CHIC600-无代写|学霸联盟

CHIC600-无代写

时间：2022-12-06

Coursework - CHIC600
Instructions
This assessment is designed to test your knowledge against what you saw during the course. Keeping this in
mind you need to provide descriptive answers and describe the different steps of your analysis. The solutions
to the exercises below should be provided in a PDF that includes the R code, its output (figures, tables
etc. . . ) and the text with the description. My suggestion is to work with a Rmarkdown document. If you are
going to use Rmarkdown please submit both the .Rmd and the PDF file.
Case study 1
The data in the file UN11.csv contains several variables, including ppgdp (the gross national product per
person in U.S. dollars) and fertility (the birth rate per 1000 females), both from the year 2009. The data
are for 199 localities, mostly United Nations (UN) member countries. The data were collected from United
Nations. We are interested in studying the association between fertility and ppgdp.
Exercise 1
• Use exploratory data analysis to summarise the data and generate some assumptions on the relationship
between the variables of interest. Report the graphs produced and describe them.
• Fit a normal linear model with the following systematic component:
µi = β0 + β1ppgdpi
with µi = E[fertilityi]. State the assumptions behind the normal linear model and use diagnostic
analysis to check that they are valid. Could the model be improved? If so, re-fit the model with
appropriate changes.
Exercise 2
• Test the hypothesis that H0 : β1 = 0 against H1 : β1 ̸= 0. Report the p-value for this test and interpret
the result.
• Calculate and report the value of the coefficient of determination R2, and explain its meaning.
• Calculate and report the expected fertility for for a locality with ppgdp = 1000, along with a 95%
confidence interval.
Exercise 3
• Add pctUrban, an indicator of urbanisation, to the regression model. After introducing this variable
in the model, how does this affect the estimates of the regression coefficient for log(ppgdp)? Explain
why.
• Provide an interpretation of the estimated regression coefficient for pctUrban and a measure of uncer-
tainty for this estimate.
1
• After controlling for pctUrban, to what change in expected fertility is a 15% increase in ppgdp associated
with?
Exercise 4
The variable group is a factor with levels oecd for countries that are members of the OECD, the Organization
for Economic Co-operation and Development, africa for countries on the African continent, and other for
all other countries. No OECD countries are located in Africa. Replace pctUrban with group and fit a normal
linear model that has log(ppgdp) and group as explanatory variables.
• Plot the fitted regressions for each group as a function of log(ppgdp) along with confidence intervals.
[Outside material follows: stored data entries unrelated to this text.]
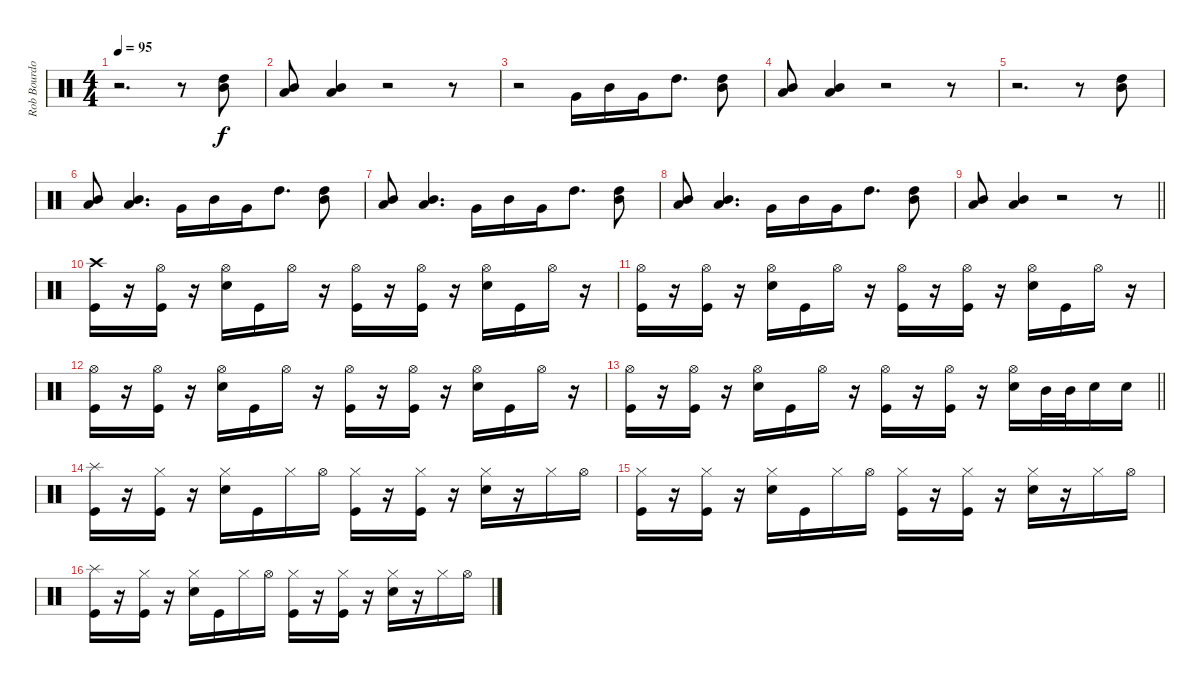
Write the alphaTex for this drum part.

\track ("Rob Bourdon" "Rob Bourdo") {instrument percussion}
\staff {score}
\articulation defaults
\ts (4 4)
\tempo 95
\clef neutral
\ks c
r.2{d dy f} r.8 ("Mid Tom (hit)" "High Tom (hit)").8 |
("Low Tom (hit)" "Mid Tom (hit)").8 ("Mid Tom (hit)" "Low Tom (hit)").4 r.2 r.8 |
r.2 "Very Low Tom (hit)".16 "Mid Tom (hit)".16 "Very Low Tom (hit)".16 "High Tom (hit)".8{d} ("Mid Tom (hit)" "High Tom (hit)").8 |
("Low Tom (hit)" "Mid Tom (hit)").8 ("Mid Tom (hit)" "Low Tom (hit)").4 r.2 r.8 |
r.2{d} r.8 ("Mid Tom (hit)" "High Tom (hit)").8 |
("Low Tom (hit)" "Mid Tom (hit)").8 ("Mid Tom (hit)" "Low Tom (hit)").4{d} "Very Low Tom (hit)".16 "Mid Tom (hit)".16 "Very Low Tom (hit)".16 "High Tom (hit)".8{d} ("Mid Tom (hit)" "High Tom (hit)").8 |
("Low Tom (hit)" "Mid Tom (hit)").8 ("Mid Tom (hit)" "Low Tom (hit)").4{d} "Very Low Tom (hit)".16 "Mid Tom (hit)".16 "Very Low Tom (hit)".16 "High Tom (hit)".8{d} ("Mid Tom (hit)" "High Tom (hit)").8 |
("Low Tom (hit)" "Mid Tom (hit)").8 ("Mid Tom (hit)" "Low Tom (hit)").4{d} "Very Low Tom (hit)".16 "Mid Tom (hit)".16 "Very Low Tom (hit)".16 "High Tom (hit)".8{d} ("Mid Tom (hit)" "High Tom (hit)").8 |
\barLineRight lightlight
("Low Tom (hit)" "Mid Tom (hit)").8 ("Mid Tom (hit)" "Low Tom (hit)").4 r.2 r.8 |
("Crash high (hit)" "Kick (hit)").16 r.16 ("Hi-Hat (open)" "Kick (hit)").16 r.16 ("Hi-Hat (open)" "Snare (hit) 2").16 "Kick (hit)".16 "Hi-Hat (open)".16 r.16 ("Hi-Hat (open)" "Kick (hit)").16 r.16 ("Hi-Hat (open)" "Kick (hit)").16 r.16 ("Hi-Hat (open)" "Snare (hit) 2").16 "Kick (hit)".16 "Hi-Hat (open)".16 r.16 |
("Hi-Hat (open)" "Kick (hit)").16 r.16 ("Hi-Hat (open)" "Kick (hit)").16 r.16 ("Hi-Hat (open)" "Snare (hit) 2").16 "Kick (hit)".16 "Hi-Hat (open)".16 r.16 ("Hi-Hat (open)" "Kick (hit)").16 r.16 ("Hi-Hat (open)" "Kick (hit)").16 r.16 ("Hi-Hat (open)" "Snare (hit) 2").16 "Kick (hit)".16 "Hi-Hat (open)".16 r.16 |
("Hi-Hat (open)" "Kick (hit)").16 r.16 ("Hi-Hat (open)" "Kick (hit)").16 r.16 ("Hi-Hat (open)" "Snare (hit) 2").16 "Kick (hit)".16 "Hi-Hat (open)".16 r.16 ("Hi-Hat (open)" "Kick (hit)").16 r.16 ("Hi-Hat (open)" "Kick (hit)").16 r.16 ("Hi-Hat (open)" "Snare (hit) 2").16 "Kick (hit)".16 "Hi-Hat (open)".16 r.16 |
\barLineRight lightlight
("Hi-Hat (open)" "Kick (hit)").16 r.16 ("Hi-Hat (open)" "Kick (hit)").16 r.16 ("Hi-Hat (open)" "Snare (hit) 2").16 "Kick (hit)".16 "Hi-Hat (open)".16 r.16 ("Hi-Hat (open)" "Kick (hit)").16 r.16 ("Hi-Hat (open)" "Kick (hit)").16 r.16 ("Hi-Hat (open)" "Snare (hit) 2").16 "Mid Tom (hit)".32 "Mid Tom (hit)".32 "Snare (hit) 2".16 "Snare (hit) 2".16 |
("Splash (hit)" "Kick (hit)").16 r.16 ("Hi-Hat (closed)" "Kick (hit)").16 r.16 ("Hi-Hat (closed)" "Snare (hit) 2").16 "Kick (hit)".16 "Hi-Hat (closed)".16 "Hi-Hat (open)".16 ("Hi-Hat (closed)" "Kick (hit)").16 r.16 ("Hi-Hat (closed)" "Kick (hit)").16 r.16 ("Hi-Hat (closed)" "Snare (hit) 2").16 r.16 "Hi-Hat (closed)".16 "Hi-Hat (open)".16 |
("Hi-Hat (closed)" "Kick (hit)").16 r.16 ("Hi-Hat (closed)" "Kick (hit)").16 r.16 ("Hi-Hat (closed)" "Snare (hit) 2").16 "Kick (hit)".16 "Hi-Hat (closed)".16 "Hi-Hat (open)".16 ("Hi-Hat (closed)" "Kick (hit)").16 r.16 ("Hi-Hat (closed)" "Kick (hit)").16 r.16 ("Hi-Hat (closed)" "Snare (hit) 2").16 r.16 "Hi-Hat (closed)".16 "Hi-Hat (open)".16 |
("Splash (hit)" "Kick (hit)").16 r.16 ("Hi-Hat (closed)" "Kick (hit)").16 r.16 ("Hi-Hat (closed)" "Snare (hit) 2").16 "Kick (hit)".16 "Hi-Hat (closed)".16 "Hi-Hat (open)".16 ("Hi-Hat (closed)" "Kick (hit)").16 r.16 ("Hi-Hat (closed)" "Kick (hit)").16 r.16 ("Hi-Hat (closed)" "Snare (hit) 2").16 r.16 "Hi-Hat (closed)".16 "Hi-Hat (open)".16

Now add the observed points to the plot; do you think that we should allow the slopes of this regressions
to vary by group? How can we change the current model to obtain different slopes by group? Apply
this change if you deem that to be appropriate.
Case study 2
The data for this exercise relate to a study of the prevalence of Loa Loa (eyeworm, https://www.cdc.gov/
parasites/loiasis/index.html) in a series of surveys undertaken in 197 villages in Cameroon and southern
Nigeria. The variables are the following:
• longitude: Longitude in degrees.
• latitude: Latitude in degrees.
• examined: Number of people tested.
• infected: Number of positive test results.
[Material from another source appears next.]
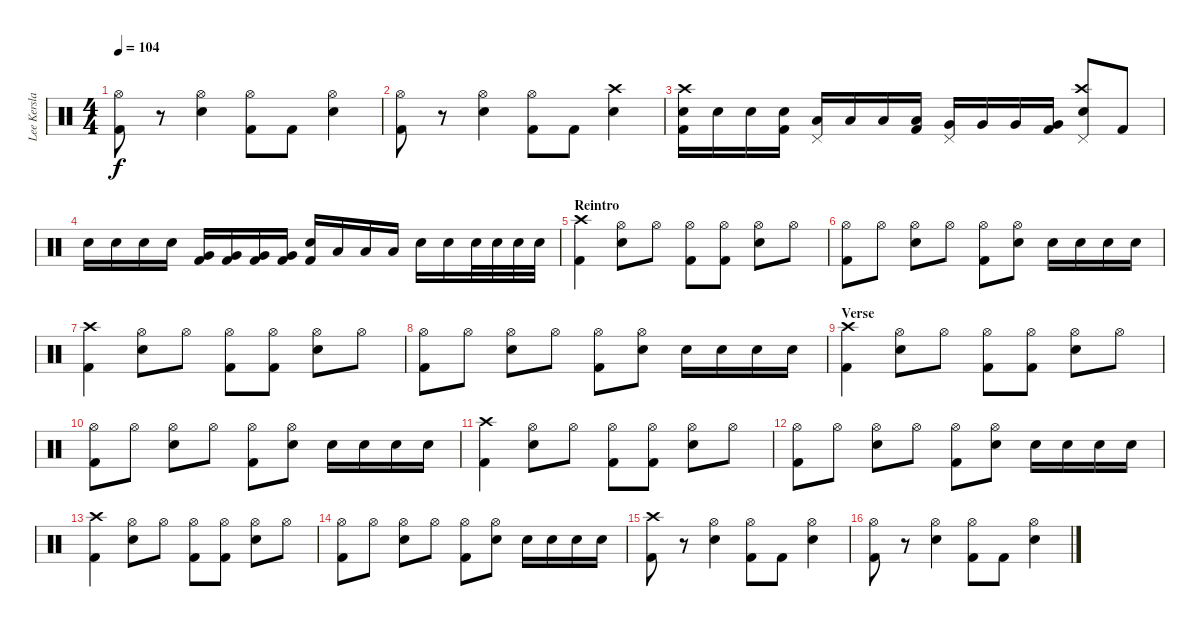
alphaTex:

• elevation: Height above sea-level in meters.
• mean_ndvi: Mean of all Normalised Difference Vegetation Index (NDVI) values recorded at village
location, 1999-2001
• max_ndvi: Maximum of all NDVI values recorded at village location, 1999-2001
• min_ndvi: Minimum of all NDVI values recorded at village location, 1999-2001
• stdev_ndvi: Standard deviation of all NDVI values recorded at village location, 1999-2001.
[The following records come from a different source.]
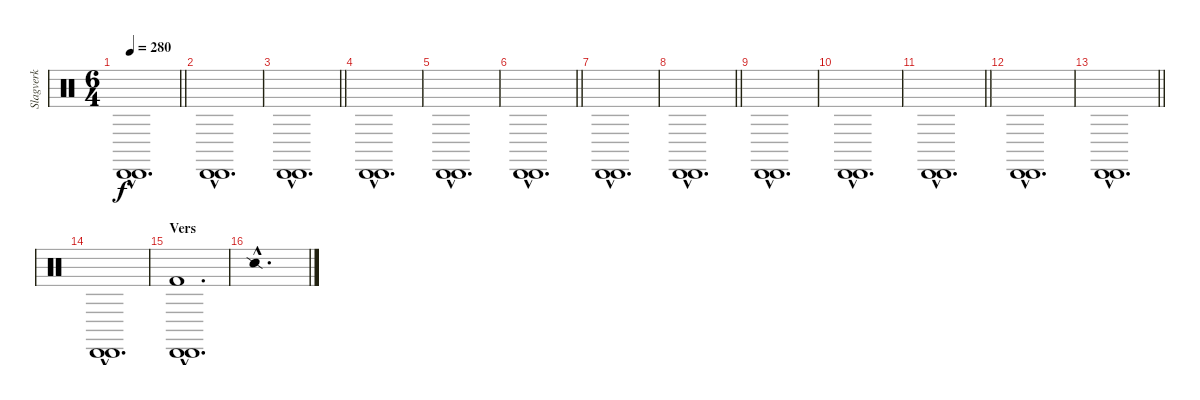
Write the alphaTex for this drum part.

\track ("Slagverk" "Slagverk") {instrument percussion}
\staff {score}
\articulation defaults
\ts (6 4)
\tempo 280
\clef neutral
\barLineRight lightlight
\ks c
("Cabasa (hit)"{hac} "Cabasa (hit)"{hac}).1{d dy f} |
("Cabasa (hit)"{hac} "Cabasa (hit)"{hac}).1{d} |
\barLineRight lightlight
("Cabasa (hit)"{hac} "Cabasa (hit)"{hac}).1{d} |
("Cabasa (hit)"{hac} "Cabasa (hit)"{hac}).1{d} |
("Cabasa (hit)"{hac} "Cabasa (hit)"{hac}).1{d} |
\barLineRight lightlight
("Cabasa (hit)"{hac} "Cabasa (hit)"{hac}).1{d} |
("Cabasa (hit)"{hac} "Cabasa (hit)"{hac}).1{d} |
\barLineRight lightlight
("Cabasa (hit)"{hac} "Cabasa (hit)"{hac}).1{d} |
("Cabasa (hit)"{hac} "Cabasa (hit)"{hac}).1{d} |
("Cabasa (hit)"{hac} "Cabasa (hit)"{hac}).1{d} |
\barLineRight lightlight
("Cabasa (hit)"{hac} "Cabasa (hit)"{hac}).1{d} |
("Cabasa (hit)"{hac} "Cabasa (hit)"{hac}).1{d} |
\barLineRight lightlight
("Cabasa (hit)"{hac} "Cabasa (hit)"{hac}).1{d} |
("Cabasa (hit)"{hac} "Cabasa (hit)"{hac}).1{d} |
\section ("" "Vers")
("Cabasa (hit)"{hac} "Cabasa (hit)"{hac} "Kick (hit) 2"{hac}).1{d} |
"Snare (side stick) 2"{hac}.1{d}

Our interest lies in understanding how Loa Loa prevalence (infected / examined) varies according to the
environmental variables provided. This dataset is provided in the loaloa.csv file.
Exercise 1
• Use the empirical logit transformation to achieve almost normality y∗ = log( yi+0.5mi−yi+0.5 ) (with yi the
number of people infected and mi the number of people tested). Produce a histogram of the prevalence
pi = yi/mi and of y∗i .
• Conduct an exploratory analysis to understand what environmental variables could be useful in a
normal linear model that has y∗i as the response variable. Report the produced plots and comment.
• Check also how much these variables are correlated between each other. Why is this something impor-
tant to assess?
Exercise 2
• Assuming that prediction is your main goal, use an appropriate method of variable selection to find
the model with the highest predictive power.
• Explain what would be the most suitable GLM model in this case.
2
• Write down the random and systematic component of your chosen model (use the same explanatory
variables of the final model found in point 4)
Exercise 3
• Fit the GLM model and compute both Wald type and profile likelihood type confidence intervals for
the model parameters. Do they differ?
• Could we use raw residuals (yi − µˆi) for diagnostic plots? Use the appropriate type of residuals to
check model assumptions.
• Interpret the estimated regression coefficients of your chosen GLM.
• Are there alternative GLM models that could be used as an approximation of your chosen model?